Poderia aqui levantar questões mais filosóficas, mas o chavão “Eu fotografo para mim” não é tão simples como a facilidade com que é pronunciado. Associado habitualmente ao desapego de influências, a verdade, mais que não seja inconscientemente, é que existem muitos fatores influenciadores que gravitam à volta do tal momento sublime de criação a que ninguém está imune, sobretudo num mundo cada vez mais globalizado. Independentemente destas questões, a verdade é que sinto-me bem e confortável nesta minha atual fase na fotografia e é o mais importante, sem nunca deixar de ponderar sobre estes temas mais pertinentes.

Na série “Espaço 1999”, da qual sou grande fã, o capitão Koenig e a sua tripulação, após a sua base ter sido lançada para fora da órbita da lua, procuram incessantemente um planeta para viver. É a sua luta diária. Tal como o capitão Koenig, vou continuar a refletir, a cada dia, sobre arte, de uma forma geral, e sobretudo sobre fotografia, mantendo esta luta, no bom sentido, sempre na perspetiva de encontrar algumas respostas e com elas algum sossego interior.
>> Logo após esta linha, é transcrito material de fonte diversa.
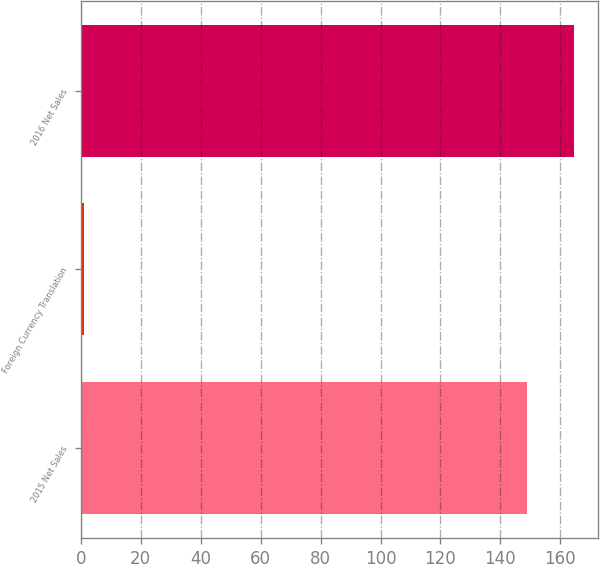<chart> <loc_0><loc_0><loc_500><loc_500><bar_chart><fcel>2015 Net Sales<fcel>Foreign Currency Translation<fcel>2016 Net Sales<nl><fcel>149<fcel>1<fcel>164.5<nl></chart> 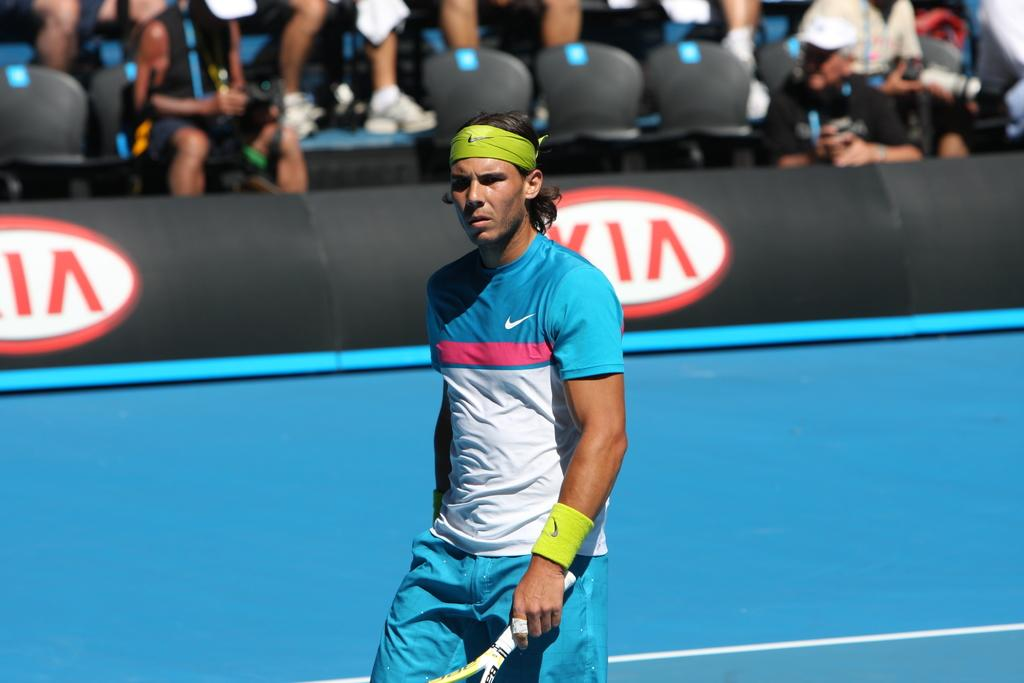What is the main subject of the image? There is a man in the image. What is the man holding in his hand? The man is holding a racket with his hand. Can you describe the setting in the background of the image? There are people sitting on chairs in the background of the image. What type of wrench is the man using to hit the ball in the image? There is no wrench present in the image; the man is holding a racket. How many bikes can be seen in the image? There are no bikes visible in the image.

Em jeito de desabafo, sinto saudades de quando comecei a fotografar. Da inocência desses tempos. Quanto mais racional e consciente estou na fotografia e na arte em si, exponencialmente mais aumentam as minhas incertezas e inquietações. No entanto, há um lado positivo, uma vez que é essa racionalidade que me permite refletir sobre estas temáticas, sem tremer quando a dúvida e a incerteza possam pairar no ar.